▶ _Problem to work on_
Please repeat word for word the line containing "Please identify and" and every following line up to and including the last one below, pictures excluded.

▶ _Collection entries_
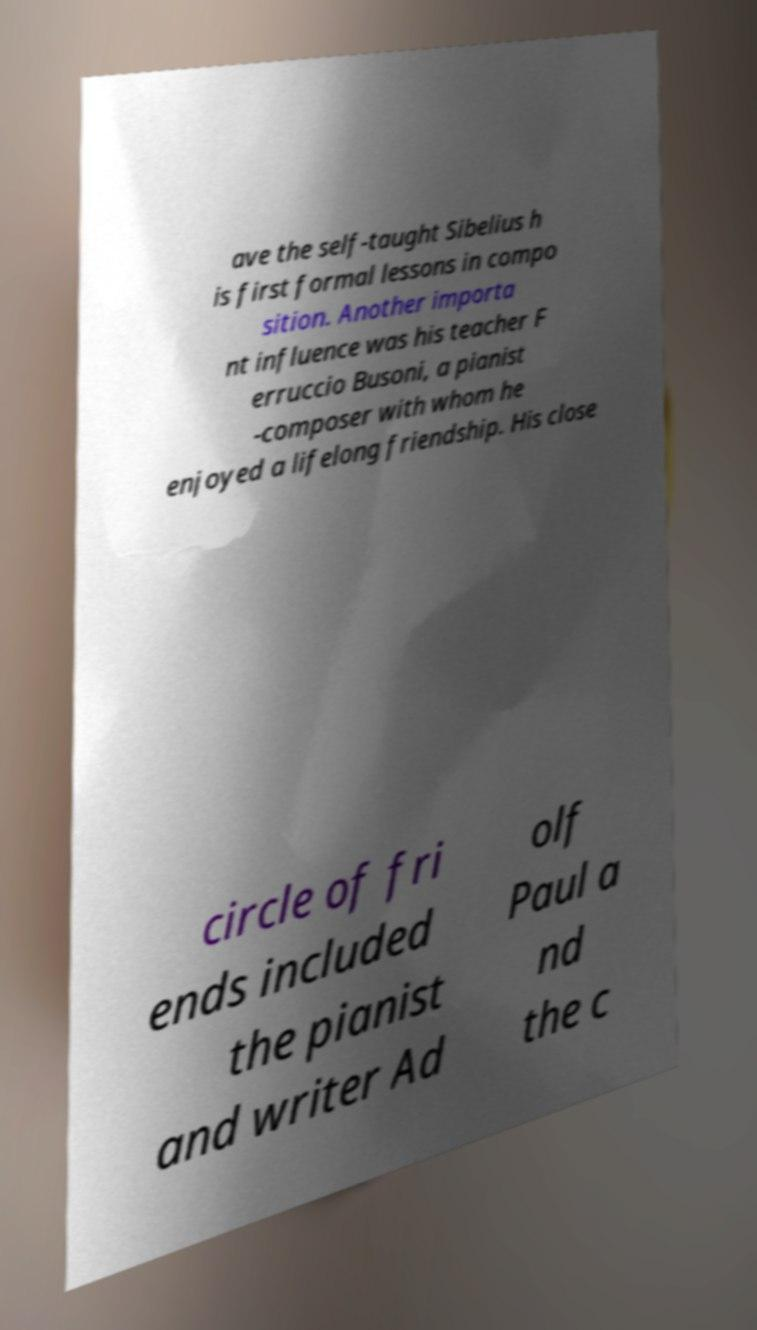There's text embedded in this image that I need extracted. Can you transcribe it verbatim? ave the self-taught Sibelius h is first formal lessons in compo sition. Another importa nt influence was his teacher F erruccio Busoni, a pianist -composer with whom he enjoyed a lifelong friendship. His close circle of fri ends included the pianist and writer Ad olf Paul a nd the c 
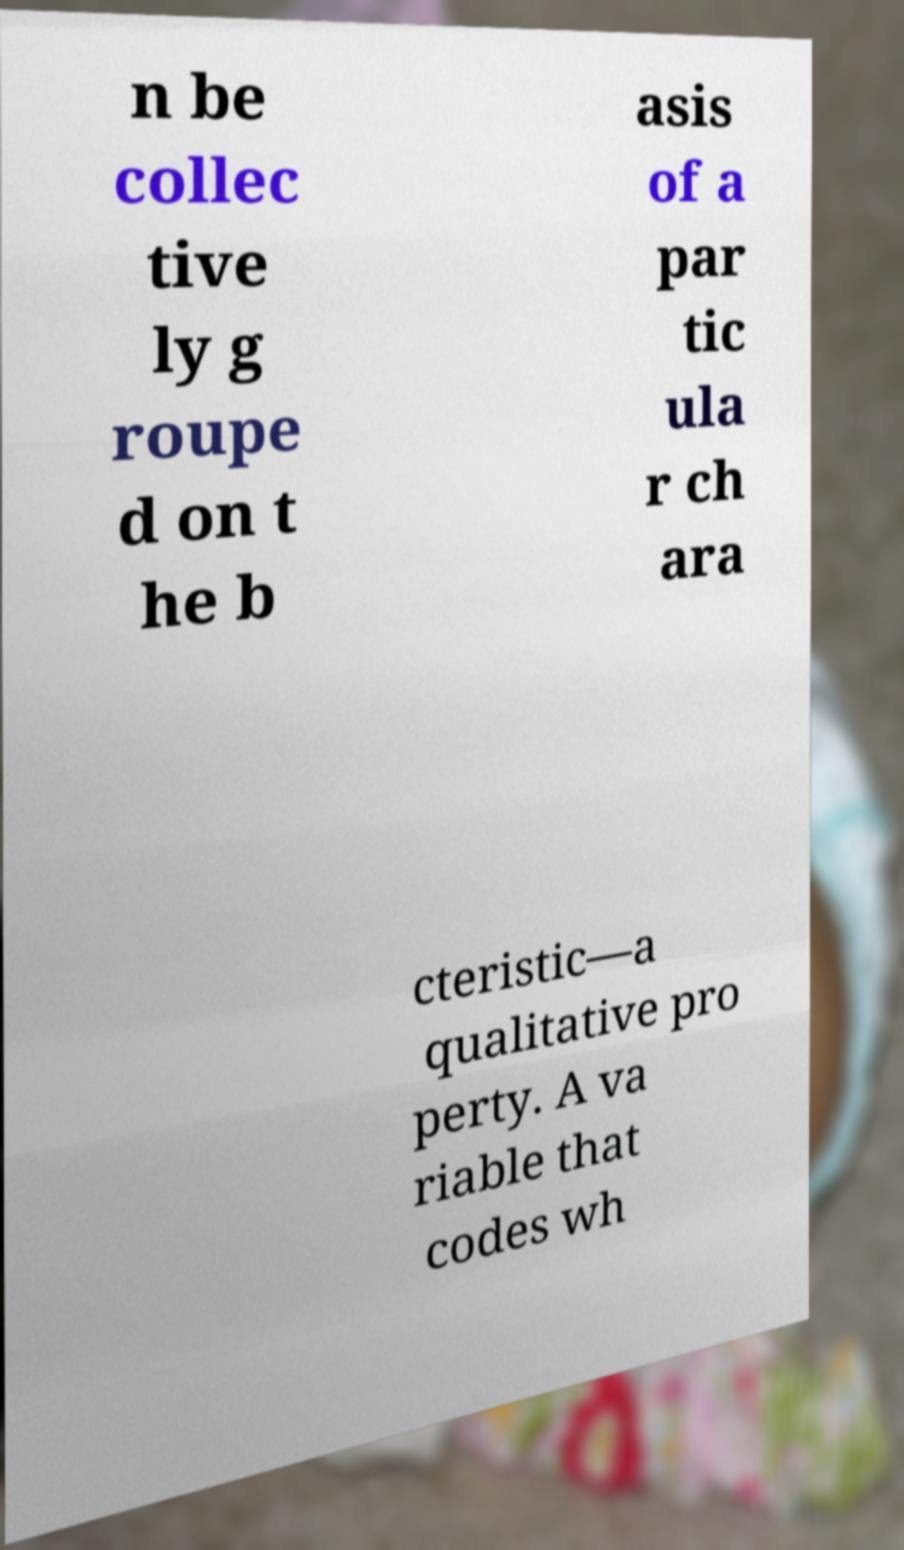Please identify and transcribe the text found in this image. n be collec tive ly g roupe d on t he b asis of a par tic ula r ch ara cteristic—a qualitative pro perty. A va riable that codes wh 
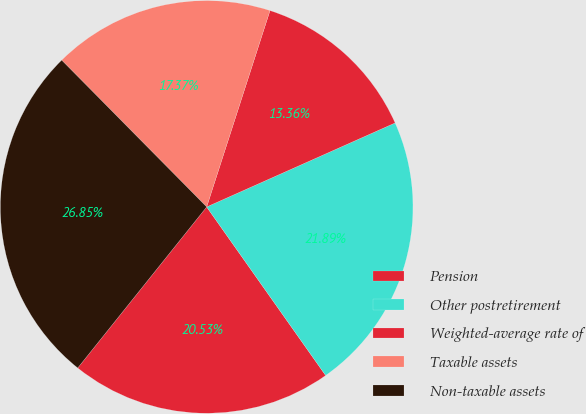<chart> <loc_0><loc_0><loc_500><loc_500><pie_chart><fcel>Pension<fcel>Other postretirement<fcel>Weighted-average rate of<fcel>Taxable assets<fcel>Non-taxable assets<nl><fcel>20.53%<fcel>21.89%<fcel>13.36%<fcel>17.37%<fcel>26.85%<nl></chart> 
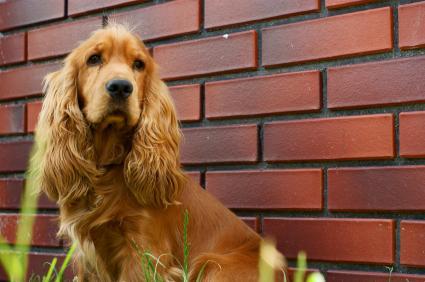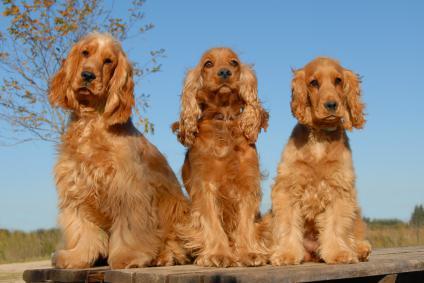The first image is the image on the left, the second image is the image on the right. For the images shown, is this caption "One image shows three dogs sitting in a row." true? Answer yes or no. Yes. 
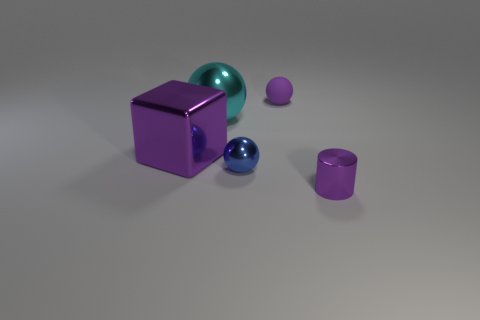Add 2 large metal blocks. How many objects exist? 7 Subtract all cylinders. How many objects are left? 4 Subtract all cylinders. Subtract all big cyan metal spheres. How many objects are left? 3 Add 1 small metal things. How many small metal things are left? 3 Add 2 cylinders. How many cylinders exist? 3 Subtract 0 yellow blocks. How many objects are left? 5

▶ _Solution for this exercise_
Please identify and transcribe the text found in this image. n be collec tive ly g roupe d on t he b asis of a par tic ula r ch ara cteristic—a qualitative pro perty. A va riable that codes wh 
<chart> <loc_0><loc_0><loc_500><loc_500><pie_chart><fcel>Pension<fcel>Other postretirement<fcel>Weighted-average rate of<fcel>Taxable assets<fcel>Non-taxable assets<nl><fcel>20.53%<fcel>21.89%<fcel>13.36%<fcel>17.37%<fcel>26.85%<nl></chart> 
The first image is the image on the left, the second image is the image on the right. For the images shown, is this caption "One image shows three dogs sitting in a row." true? Answer yes or no. Yes. 
Add 2 large metal blocks. How many objects exist? 7 Subtract all cylinders. How many objects are left? 4 Subtract all cylinders. Subtract all big cyan metal spheres. How many objects are left? 3 Add 1 small metal things. How many small metal things are left? 3 Add 2 cylinders. How many cylinders exist? 3 Subtract 0 yellow blocks. How many objects are left? 5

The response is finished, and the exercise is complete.